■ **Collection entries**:
■ ■ ■ ■ ■ ■ ■
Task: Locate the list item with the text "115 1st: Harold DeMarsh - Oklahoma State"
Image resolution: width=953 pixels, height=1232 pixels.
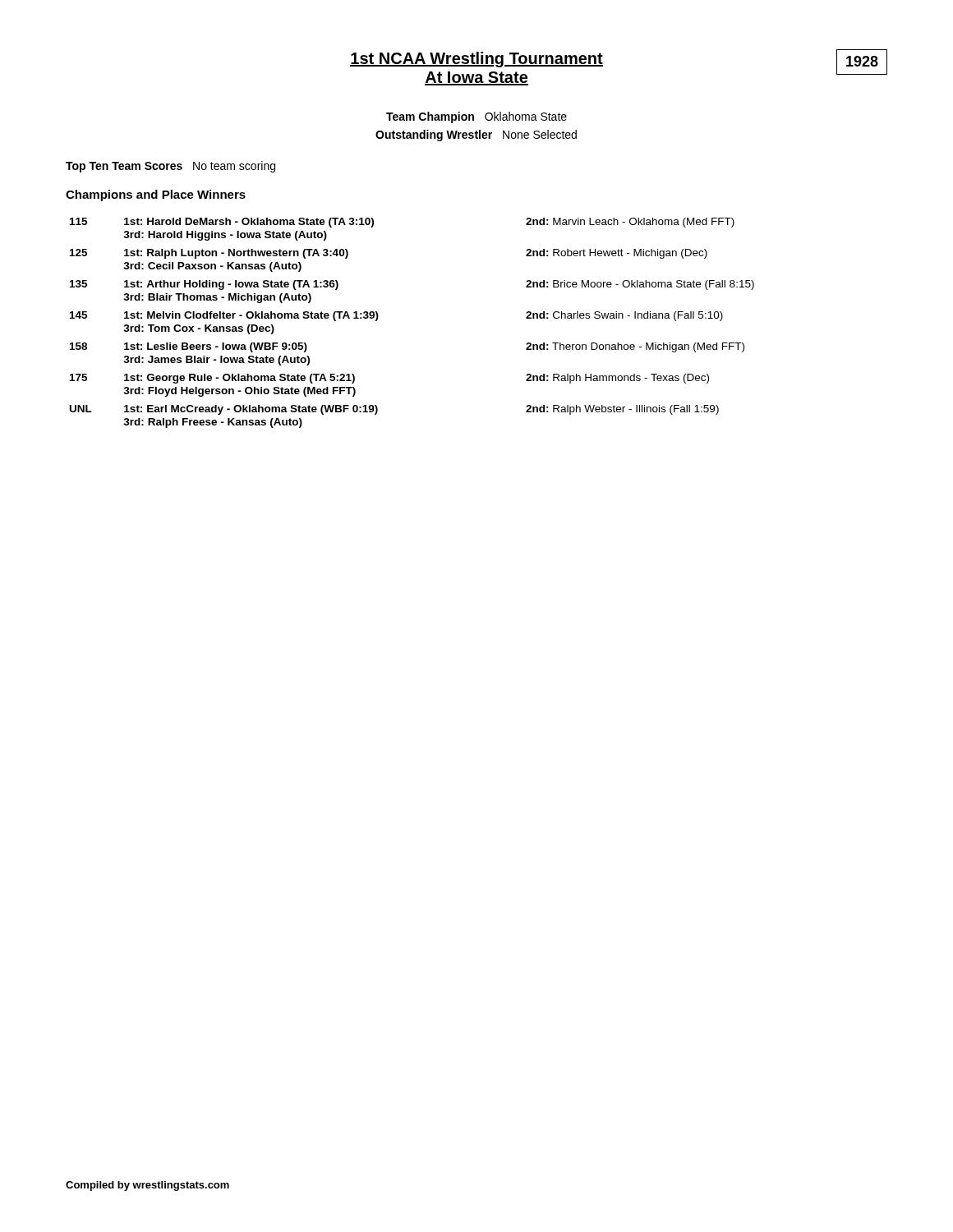Action: coord(245,224)
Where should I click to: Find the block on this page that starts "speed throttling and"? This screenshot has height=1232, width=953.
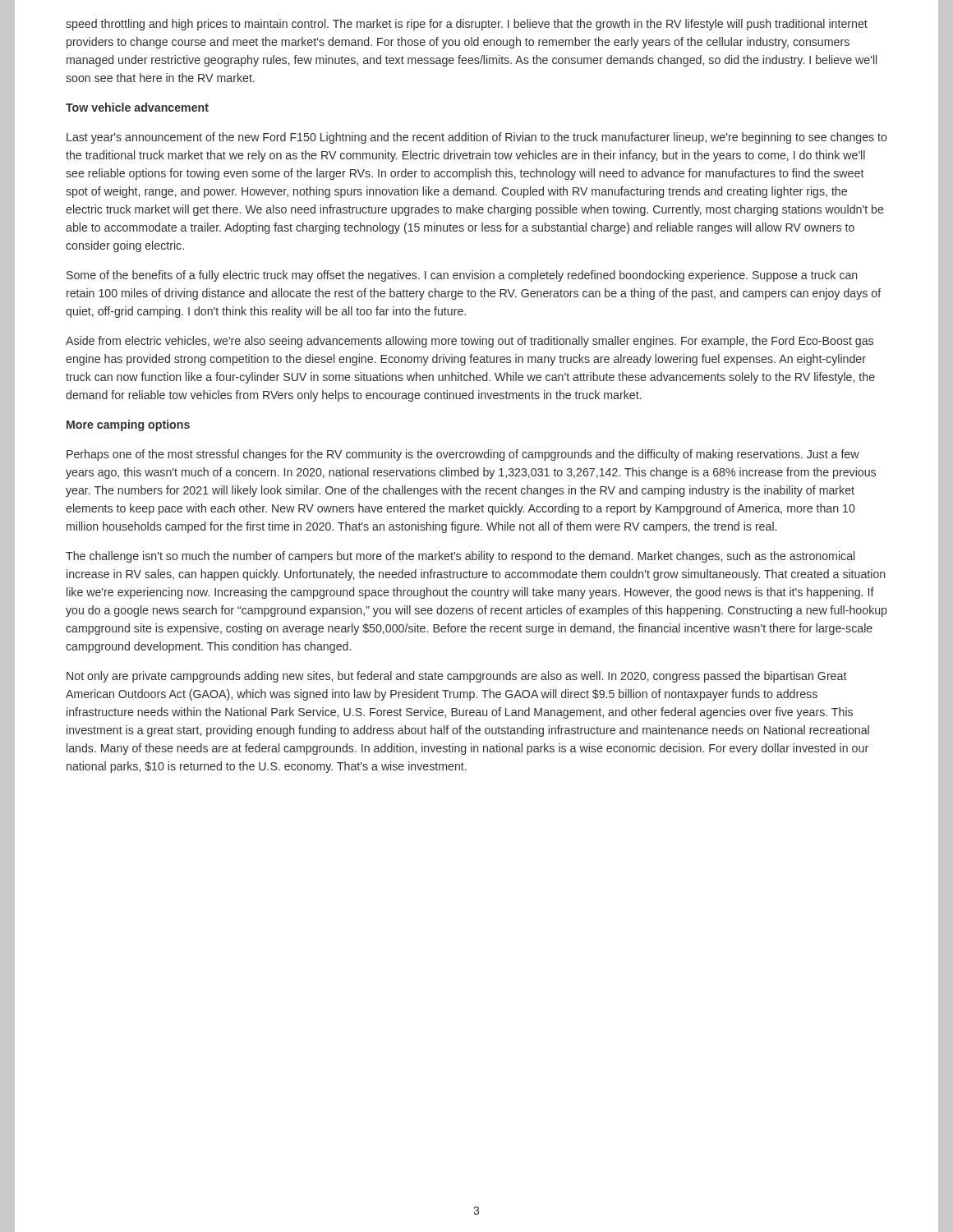(x=476, y=51)
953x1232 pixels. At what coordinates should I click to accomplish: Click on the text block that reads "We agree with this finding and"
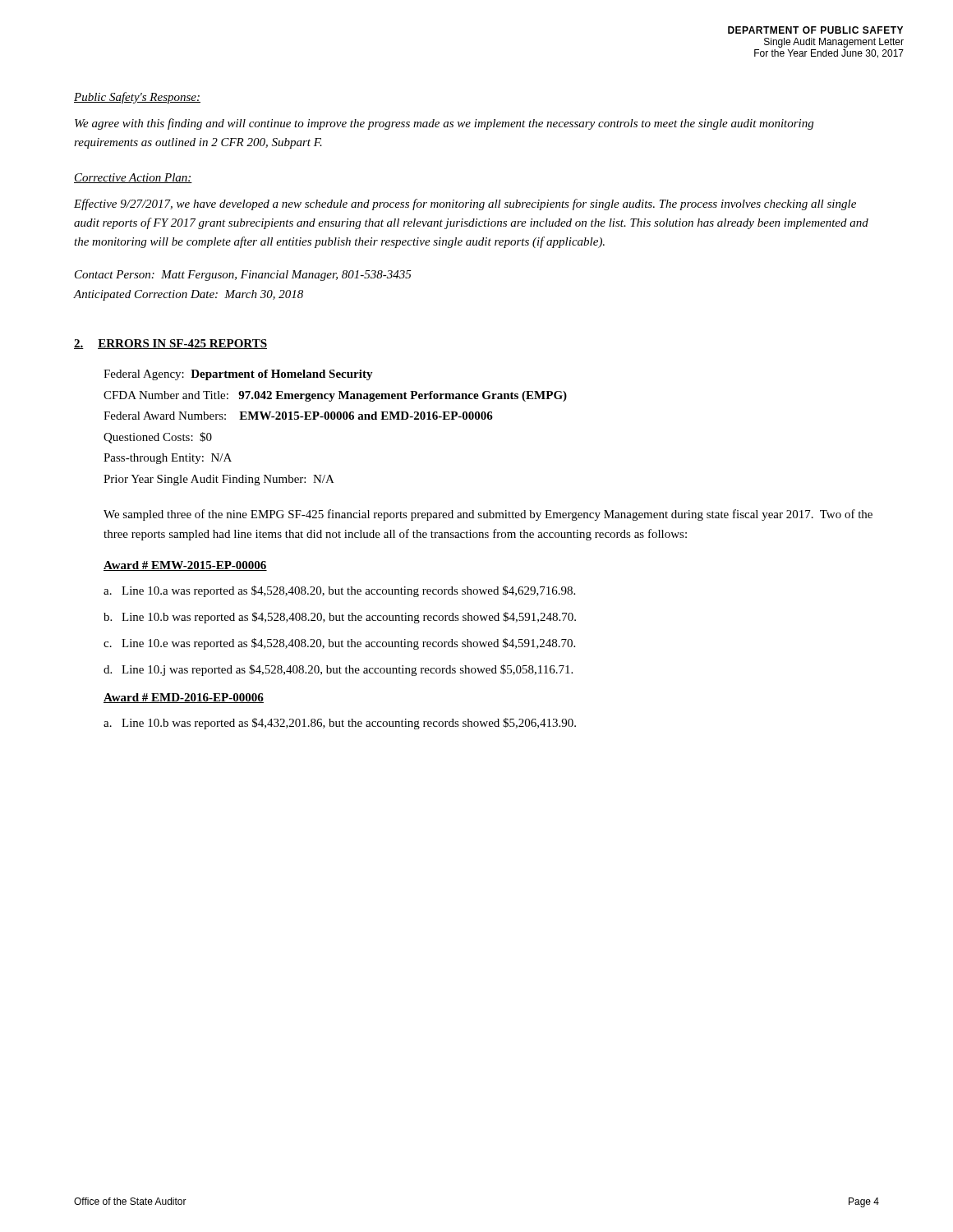(x=444, y=133)
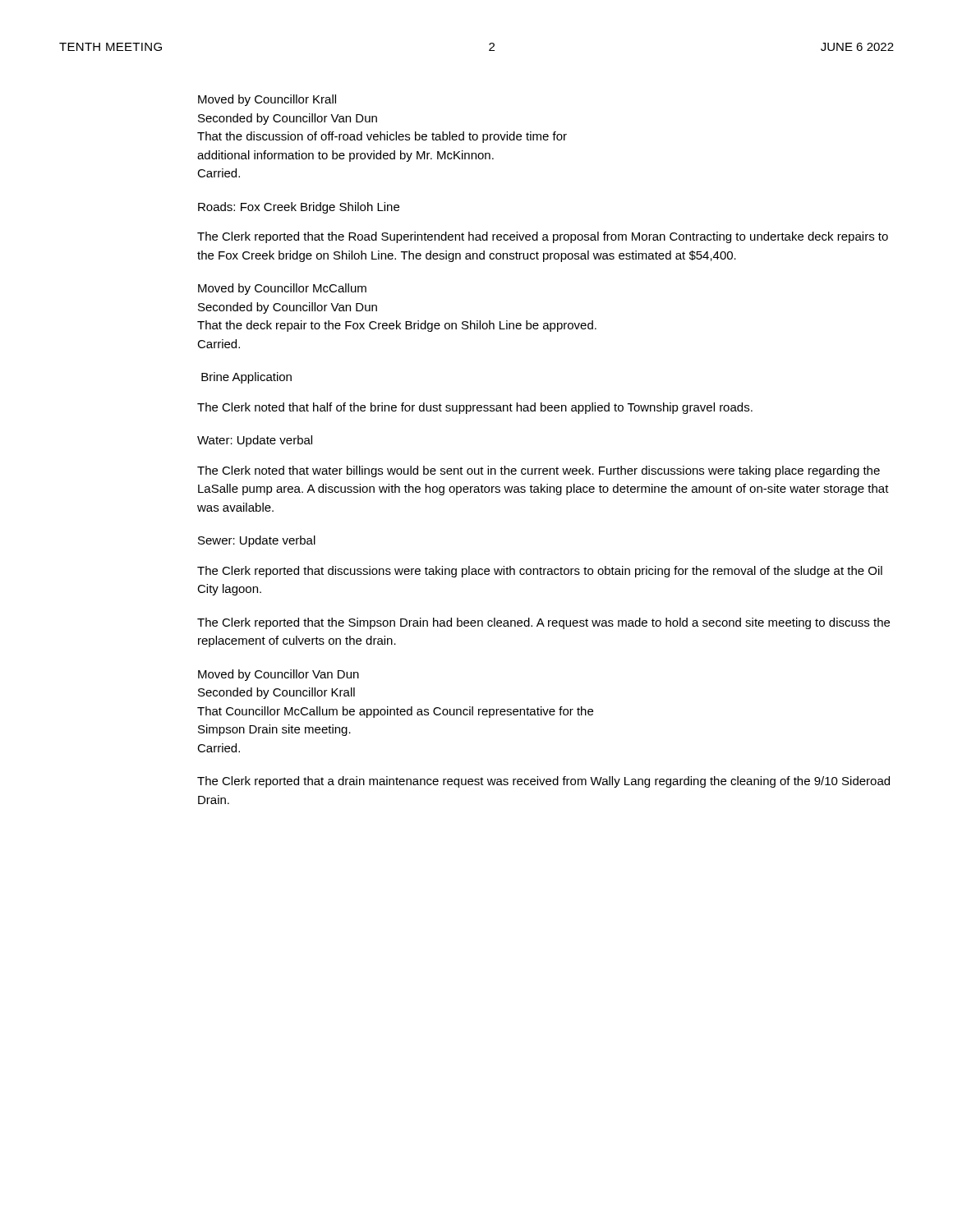Select the text starting "Sewer: Update verbal"

point(256,540)
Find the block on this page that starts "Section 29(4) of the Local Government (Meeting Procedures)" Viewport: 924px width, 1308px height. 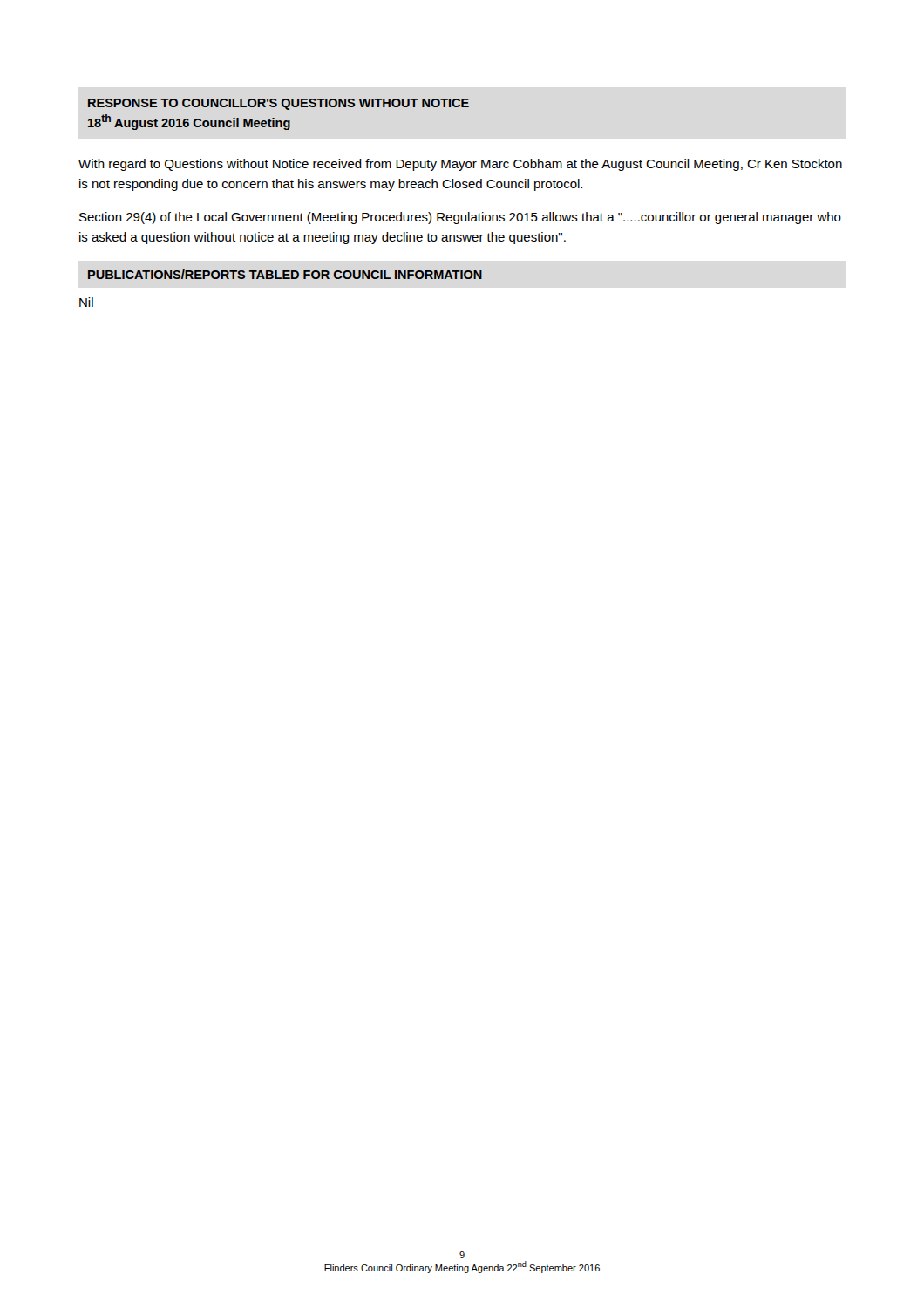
■ ■ ■ ■ ■ ■ ■
■ **WORK INSTRUCTIONS**:
The entries above are to be repeated exactly, except for any pictures.

■ **TASK RESPONSE**:
Task: Locate the list item with the text "115 1st: Harold DeMarsh - Oklahoma State"
Image resolution: width=953 pixels, height=1232 pixels.
Action: coord(245,224)
Where should I click to: Find the block on this page that starts "speed throttling and"? This screenshot has height=1232, width=953.
(x=476, y=51)
953x1232 pixels. At what coordinates should I click to accomplish: Click on the text block that reads "We agree with this finding and"
(x=444, y=133)
Select the text starting "Sewer: Update verbal"

point(256,540)
Find the block on this page that starts "Section 29(4) of the Local Government (Meeting Procedures)" Viewport: 924px width, 1308px height. 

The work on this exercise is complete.